The “Sceptred Isle” phrase is of course borrowed from Shakespeare, and many would see the Bard as an early practitioner of the luvvie take on history. His presentation of Henry V – once played on screen by Branagh – as a dauntless hero; and his equally convincing depiction of Richard III as a one-dimensional villain – superbly portrayed in our age by Laurence Olivier and Ian McKellan – are the pictures of the two monarchs we have come to accept and believe, however much boring old historians may object.

The screen depictions of the great heroes and villains of history first reached a mass audience in the interwar period. One of the last great masterpieces of the silent screen was the French director Abel Gance’s Napoleon (1927). The film’s revolutionary cinematography, coupled with Albert Dieudonne’s masterly depiction of the young Bonaparte, established a romantically heroic image of the “Corsican ogre” that, however it may differ from the messy historical truth, persists to this day.

The advent of the talkies allowed the superstar Charlie Chaplin to satirise Hitler at the height of his power in The Great Dictator (1940) as a ranting but ultimately ludicrous demagogue – a performance that, while not so far removed from the Fuhrer’s appearances before the cameras, merely mocked a figure that had to be fought and destroyed. The real Hitler in his full ranting mode was shown in the brilliant but warped Triumph of The Will (1935) by his favoured director, Leni Riefenstahl. So malignly influential was Riefenstahl that it took seven decades before Germany produced its own definitive screen version of the Nazi dictator, as the Swiss actor Bruno Ganz raved his way through Downfall (2005): father of a thousand parodies and cementing our image of a ridiculous yet sinister icon of evil.

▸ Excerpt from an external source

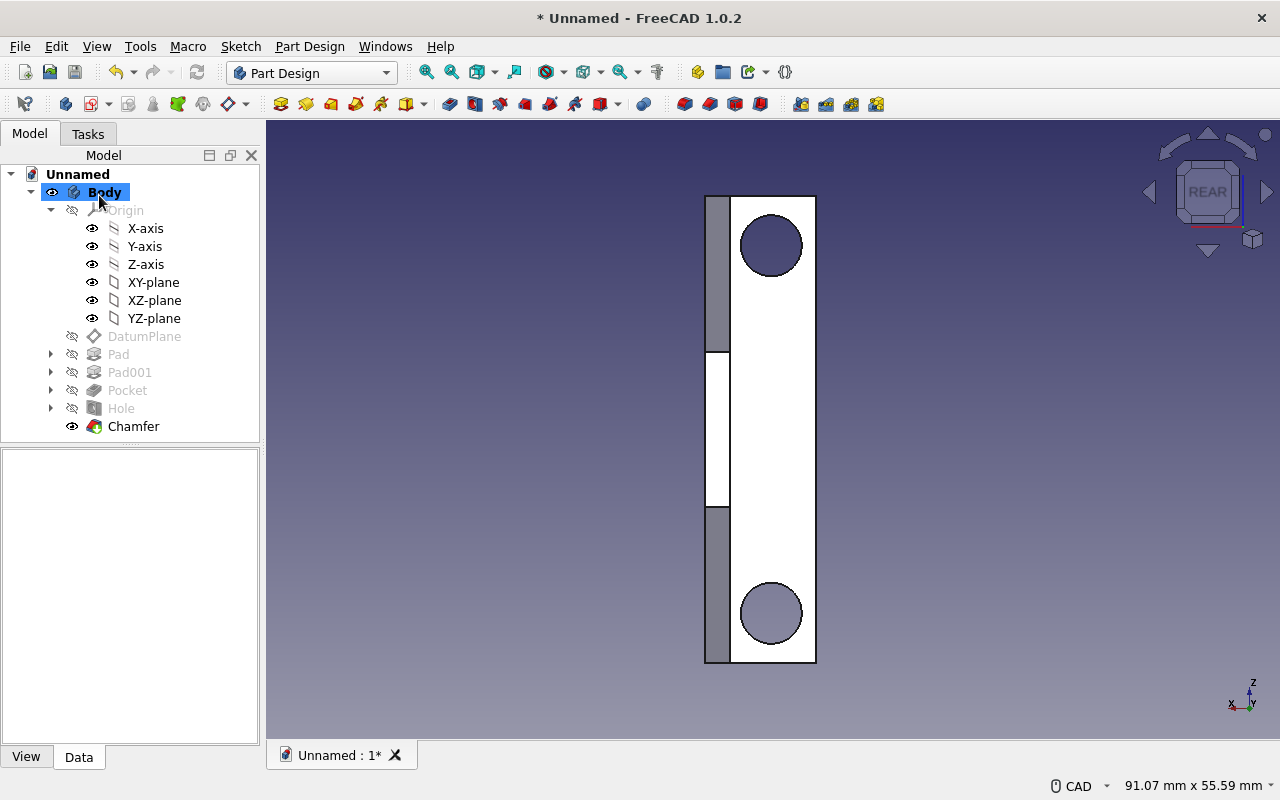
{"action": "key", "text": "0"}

More recent political leaders have also had their images defined by the actors who played them

Hitler’s polar opposite and nemesis Winston Churchill has also been portrayed numerous times on British television and the big screen by stars as distinguished as Richard Burton, Albert Finney and, more recently, Gary Oldman’s Oscar-winning turn in Darkest Hour (2018). For me, however, the best Winston (freely available on YouTube) was the late Robert Hardy’s stunning portrayal of the great man at one of the lowest points of his career in the 1981 ITV series The Wilderness Years. Superbly supported by a star-studded cast including Eric Porter (Neville Chamberlain); Peter Barkworth (Stanley Baldwin); Edward Woodward (Sam Hoare), Sian Phillips (Clemmie Churchill) and a youthful Nigel Havers and Tim Piggot-Smith (Randolph Churchill and Brendan Bracken respectively), this is British TV political drama at its classic best – and it is sad that it is impossible to imagine it being made today.

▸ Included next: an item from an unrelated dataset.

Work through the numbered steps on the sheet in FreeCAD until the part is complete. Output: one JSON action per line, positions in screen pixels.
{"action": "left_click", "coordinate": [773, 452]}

Such stunningly simplistic performances have frozen both Hitler and Churchill in cinematic amber, without nuance or contradiction: good and bad, black and white, sol y sombre. The camera and celluloid (or its digital equivalent) have decreed how the two men will go down in history. More recent political leaders have also had their images defined by the actors who played them. Michael Sheen’s lookalike Tony Blair in The Queen (2006), ably balanced by Helen Mirren as Her Majesty, reflected an indulgent view of pre-Iraq New Labour, while the great Meryl Streep surely delivered a definitive (and surprisingly sympathetic) Mrs Thatcher in The Iron Lady (2012).

George Orwell suggested a bleaker view of the past than William Faulkner in Nineteen Eighty-Four. The novel’s hero Winston Smith is employed by the party to twist and kill the past by dropping it into the memory hole. Orwell confessed that the idea that history can be consigned to oblivion in this way frightened him more than any of the other pessimistic predictions in that terrifying book. But with the depiction of history in the hands of those with their own agendas to push, and the power to distort it in doing so, however entertainingly, can we be completely confident that the novel’s nightmare vision is not becoming our reality?